Hegel H100 Integrated Amplifier Review 
Home Theater Power Amplifiers Integrated Amplifiers
Written by Todd Whitesel   
Monday, 01 February 2010

Integrated amplifiers have come a long way in the last three decades. For years, they've had a reputation (deserved or not) as sonically inferior to separate preamp and power amp setups. Naysayers  argue any component containing pre-amp and power amp modules is subject to cross-talk and bound to introduce unwanted noise and distortion into the signal chain. Still, an integrated's advantages – lower cost, space saving and fewer connections – make it a popular choice for music lovers faced with budget and/or room constraints. I believe most audiophiles would prefer stereo separates, but it's tough to go wrong with a well-designed integrated amplifier serving as heart of an audio system. And well-designed describes Hegel Audio's H100 integrated amplifier, a 120-watt  designed to trounce distortion. Hailing from Oslo, Norway, the H100 is Hegel's entry-level amp. Though its $3,000 asking price may raise an eyebrow, there's more to this machine than meets the eye.

Design & Features

Audio manufacturers have long sought to reduce harmonic distortion that arises during output from an amplifier. When an original music signal passes through a transistor at a certain frequency, say 300 Hz, it will produce smaller amounts of harmonic multiples: 600 Hz (second harmonic), 900 Hz (third harmonic), 1200 Hz (fourth harmonic) – and so on – at output. High-order harmonics are particularly bad and can make music sound sharp and unpleasant. Hegel uses two proprietary technologies - SoundEngine and Fet-Tech - to eliminate all but the second and third harmonic. A cleaner music signal makes for more natural-sounding music. Hegel believes reducing harmonic distortion is only part of the picture and less important than dealing with Intermodulation Distortion or IM. With IM, the interacting signals are not related harmonically and can create a muddled blend of sound that changes the original signal's musical “story.”

Hegel H100 Front View

Hegel asserts, “These IM distortion components are made in the amplifier stages and cannot be removed. The problem is usually worsened by the use of global feedback loops in amplifiers. The amplified signal is fed back to the input stage of the amplifier, and so the IM distortion is also sent through once more and amplified... Some manufacturers have no global feedback. That is fine and reduces distortion, but at the same time they lose damping factor – a key to keeping deep bass and good bass control.” To combat these issues, Hegel uses feed-forward instead of feedback, which is supposed to significantly reduce IM distortion and increase damping factor. According to the specs, the H100's distortion measures less than 0.005% at 50 watts in 8 ohms, while its IM is less than 0.01% (19kHz + 20 kHz). Additionally, the H100 sports separate DualPower power supplies for input and voltage gain stages and the amp's current output stages – more distortion-reducing measures.

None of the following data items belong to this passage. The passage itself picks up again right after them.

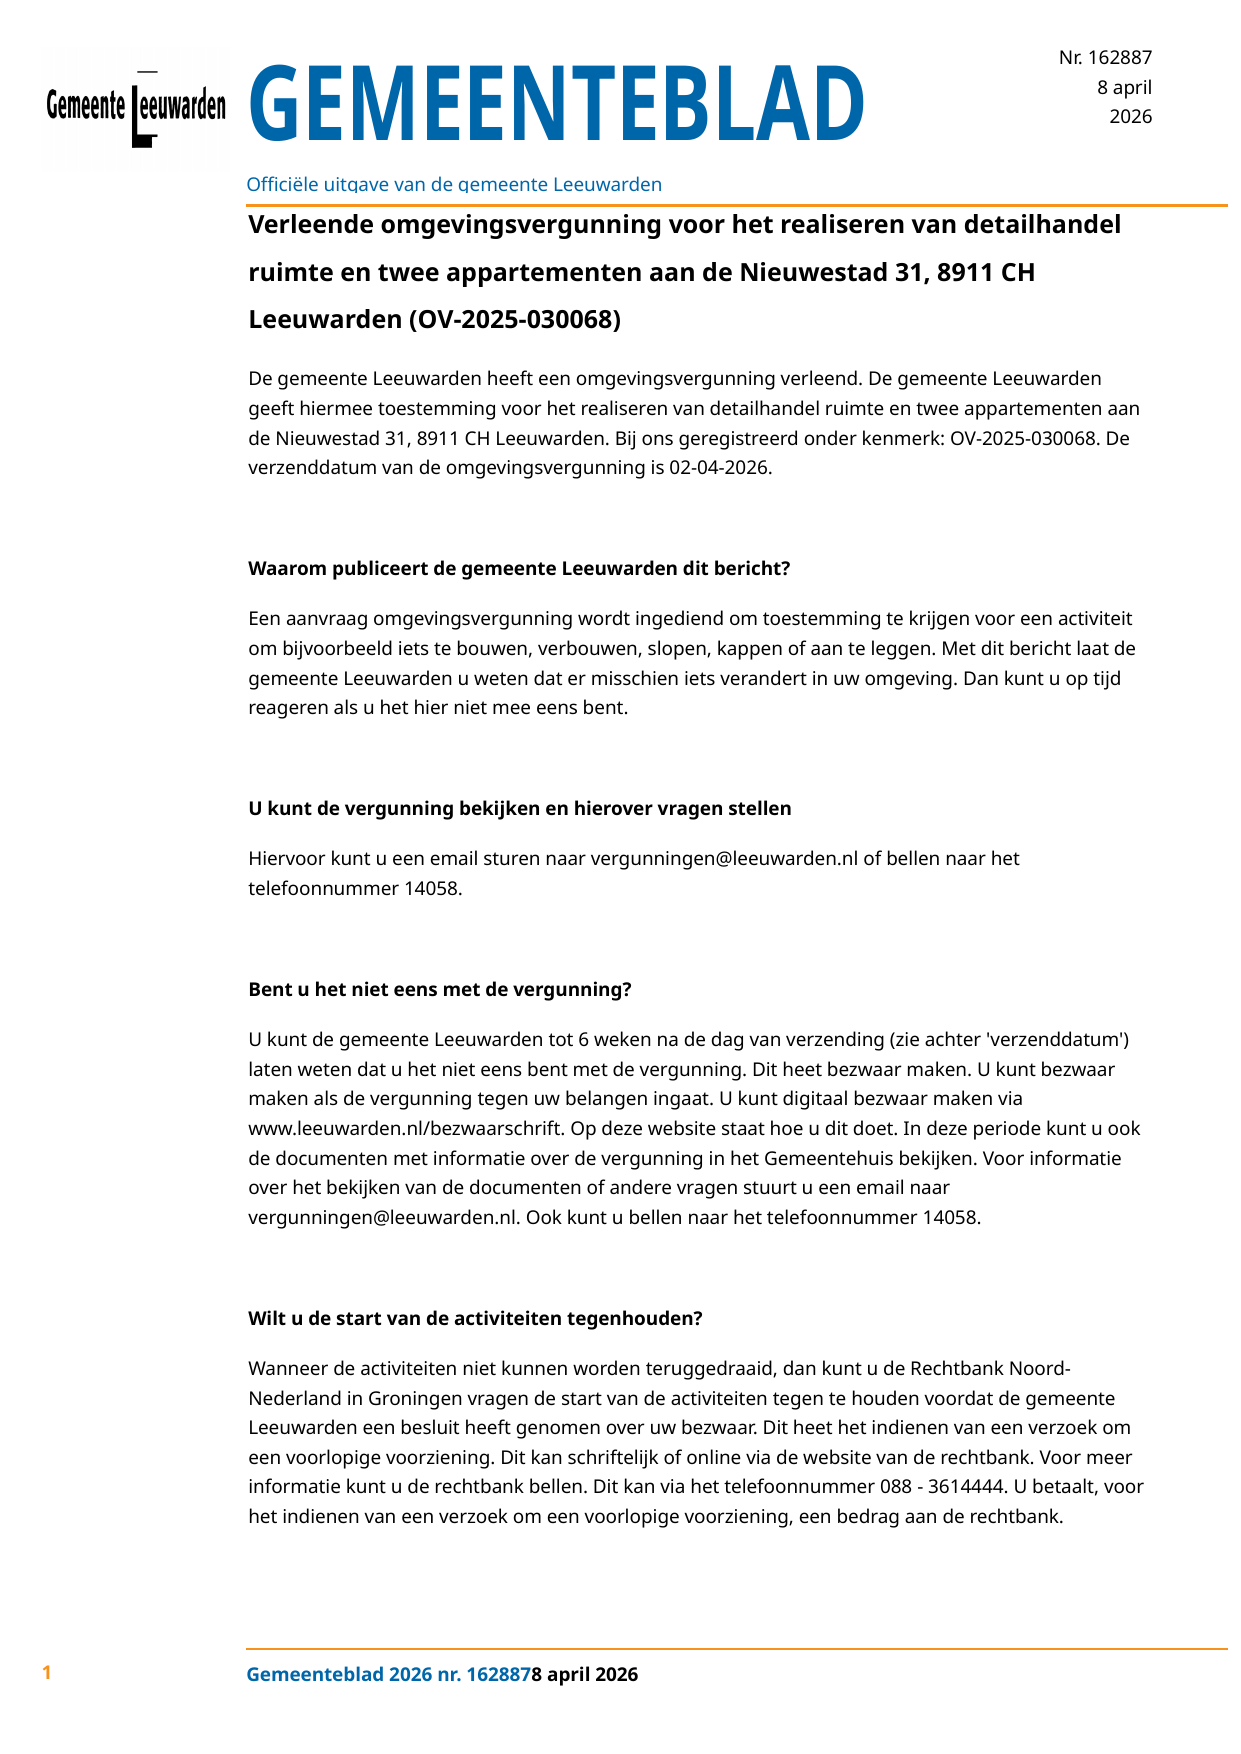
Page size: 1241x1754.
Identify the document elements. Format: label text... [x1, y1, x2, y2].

text De gemeente Leeuwarden heeft een omgevingsvergunning verleend. De gemeente Leeuwarden geeft hiermee toestemming voor het realiseren van detailhandel ruimte en twee appartementen aan de Nieuwestad 31, 8911 CH Leeuwarden. Bij ons geregistreerd onder kenmerk: OV-2025-030068. De verzenddatum van de omgevingsvergunning is 02-04-2026. [248, 366, 1152, 480]
text Wanneer de activiteiten niet kunnen worden teruggedraaid, dan kunt u de Rechtbank Noord-Nederland in Groningen vragen de start van de activiteiten tegen te houden voordat de gemeente Leeuwarden een besluit heeft genomen over uw bezwaar. Dit heet het indienen van een verzoek om een voorlopige voorziening. Dit kan schriftelijk of online via de website van de rechtbank. Voor meer informatie kunt u de rechtbank bellen. Dit kan via het telefoonnummer 088 - 3614444. U betaalt, voor het indienen van een verzoek om een voorlopige voorziening, een bedrag aan de rechtbank. [248, 1355, 1152, 1529]
text Een aanvraag omgevingsvergunning wordt ingediend om toestemming te krijgen voor een activiteit om bijvoorbeeld iets te bouwen, verbouwen, slopen, kappen of aan te leggen. Met dit bericht laat de gemeente Leeuwarden u weten dat er misschien iets verandert in uw omgeving. Dan kunt u op tijd reageren als u het hier niet mee eens bent. [248, 606, 1152, 720]
text Bent u het niet eens met de vergunning? [248, 976, 1152, 1002]
text Waarom publiceert de gemeente Leeuwarden dit bericht? [248, 555, 1152, 581]
text U kunt de vergunning bekijken en hierover vragen stellen [248, 795, 1152, 821]
text Verleende omgevingsvergunning voor het realiseren van detailhandel ruimte en twee appartementen aan de Nieuwestad 31, 8911 CH Leeuwarden (OV-2025-030068) [248, 207, 1152, 336]
picture [41, 47, 231, 172]
text Wilt u de start van de activiteiten tegenhouden? [248, 1305, 1152, 1330]
text Hiervoor kunt u een email sturen naar vergunningen@leeuwarden.nl of bellen naar het telefoonnummer 14058. [248, 846, 1152, 901]
text U kunt de gemeente Leeuwarden tot 6 weken na de dag van verzending (zie achter 'verzenddatum') laten weten dat u het niet eens bent met de vergunning. Dit heet bezwaar maken. U kunt bezwaar maken als de vergunning tegen uw belangen ingaat. U kunt digitaal bezwaar maken via www.leeuwarden.nl/bezwaarschrift. Op deze website staat hoe u dit doet. In deze periode kunt u ook de documenten met informatie over de vergunning in het Gemeentehuis bekijken. Voor informatie over het bekijken van de documenten of andere vragen stuurt u een email naar vergunningen@leeuwarden.nl. Ook kunt u bellen naar het telefoonnummer 14058. [248, 1026, 1152, 1229]

The H100's minimalist design oozes Scandinavian coolness, in the best sense. The front panel is constructed from a solid aluminum bar that is glass-bead blasted and anodized; the top cover, side panels and knobs are brushed/blasted and anodized aluminum. The display is lit by a non-dimmable blue light, and it works fine, but the text abbreviations indicating selected source are difficult to read. For example, if CD source is selected, the text is displayed in lower case letters; for Auxiliary, it's “AU”: select Tuner and you get a strange capital T missing the left top half and a lower-case “u.” It looks like a Cyrillic acronym. At the least, all text should be standardized and upper-cased.
The 32-pound amp comes in black or pearl silver finish; my review unit was the latter and up close the front panel has a sparkly, flake-like appearance and gentle wave contour. Unassuming to the point of sleepiness, the H100 sports just three front controls – source selector knob, volume knob and power button. It definitely conforms to the Hegel philosophy of being easy to operate.  The back boasts four unbalanced RCA outputs, one pair of balanced XLR outputs, a USB input and a Home Theater input. The latter is a maximum volume line level input with a permanent volume setting of 75 and for connection to a surround processor only with internal adjustable volume. The H100 delivers 120 watts into two channels at 8 ohms.
Hegel H100 Rear View

Hegel's RC2 remote is a classy, substantial unit made from a solid aluminum bar mirroring the H100's finish and design. I've complained before about manufacturers giving little thought to a component's remote, often offering cheap, unattractive plastic popsicles hardly befitting its master. If you cycle through the source options with the remote or control knob, you hit a “dead end” at the final option and have to bring it back instead of jumping forward to the beginning. That's a minor curiosity.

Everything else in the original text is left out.